On July 9 at 18:30, researchers from Osaka University employed artificial intelligence to analyze the structure of supercooled water. By leveraging neural network technologies, the team developed a unified platform to compare 16 distinct molecular structure descriptors. These findings were published in the journal Communications Chemistry.

Supercooled water occurs when there is a complete absence of crystallization nucleation centers. The unique properties of water in this state arise from competition between high-density liquid (HDL) and low-density liquid (LDL) forms. The neural network examined 16 different descriptors, assessing their ability to differentiate between these forms under varying temperature conditions.

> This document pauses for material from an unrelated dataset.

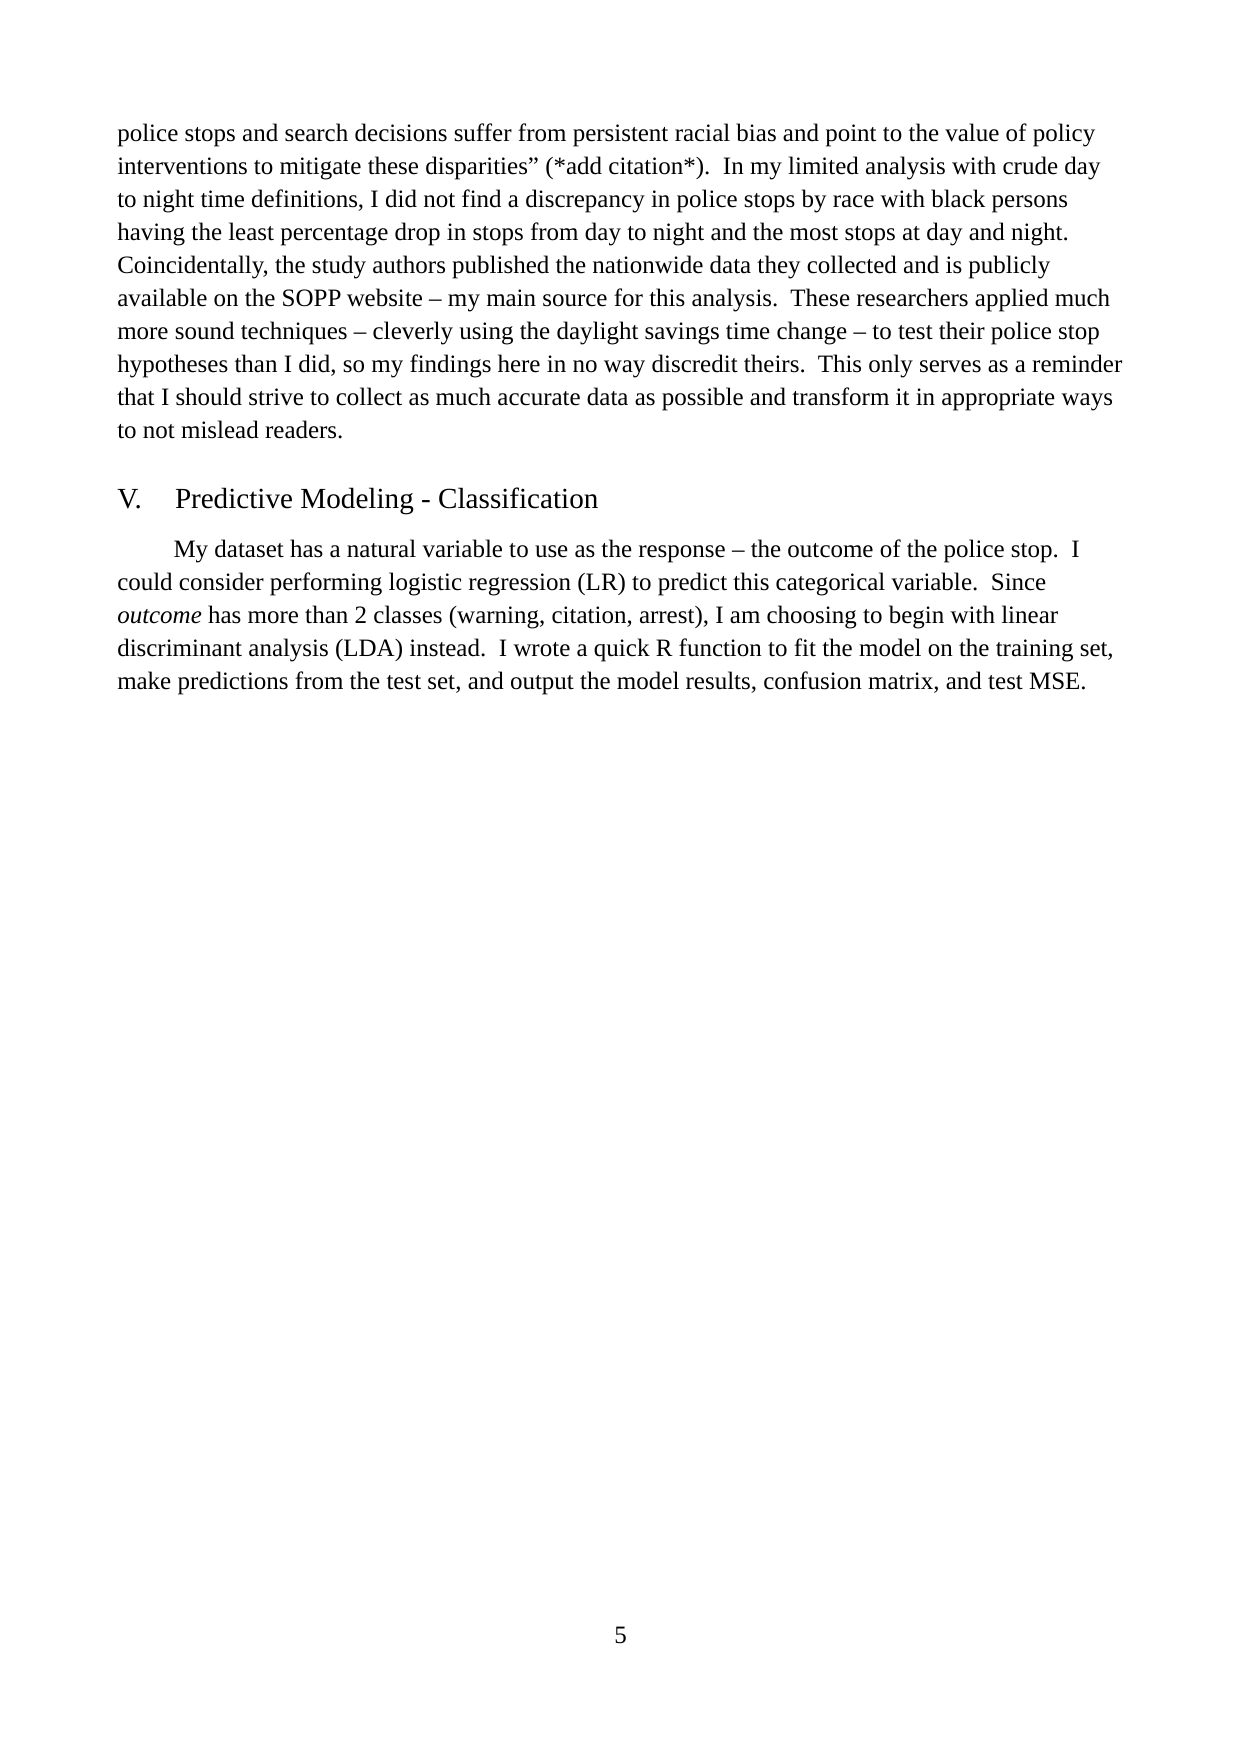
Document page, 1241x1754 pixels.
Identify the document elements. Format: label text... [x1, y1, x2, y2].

text police stops and search decisions suffer from persistent racial bias and point to the value of policy interventions to mitigate these disparities” (*add citation*). In my limited analysis with crude day to night time definitions, I did not find a discrepancy in police stops by race with black persons having the least percentage drop in stops from day to night and the most stops at day and night. Coincidentally, the study authors published the nationwide data they collected and is publicly available on the SOPP website – my main source for this analysis. These researchers applied much more sound techniques – cleverly using the daylight savings time change – to test their police stop hypotheses than I did, so my findings here in no way discredit theirs. This only serves as a reminder that I should strive to collect as much accurate data as possible and transform it in appropriate ways to not mislead readers. [117, 118, 1123, 444]
text My dataset has a natural variable to use as the response – the outcome of the police stop. I could consider performing logistic regression (LR) to predict this categorical variable. Since outcome has more than 2 classes (warning, citation, arrest), I am choosing to begin with linear discriminant analysis (LDA) instead. I wrote a quick R function to fit the model on the training set, make predictions from the test set, and output the model results, confusion matrix, and test MSE. [117, 534, 1123, 694]
text V. Predictive Modeling - Classification [117, 481, 1123, 515]

As Nobuyuki Matubayasi noted, 'the system analyzed 16 different descriptors, evaluating their capacity to distinguish between high- and low-density forms under various temperature conditions.'

Kan Kim emphasized that 'machine learning has already proven effective in classifying structural data.' The researchers used datasets from molecular dynamics simulations to train the artificial intelligence. This approach yielded new insights into the molecular structures of supercooled water, which could significantly impact ongoing research in this field.

Research Prospects

The study of supercooled water is a critical aspect of scientific research, as this phenomenon can influence numerous physical and chemical processes. The application of artificial intelligence and machine learning opens new avenues for investigating complex molecular structures, potentially leading to major discoveries across various scientific disciplines, including:

  • materials science
  • chemistry

The results of this study could serve as a foundation for future experiments and theoretical models concerning water and its anomalous properties.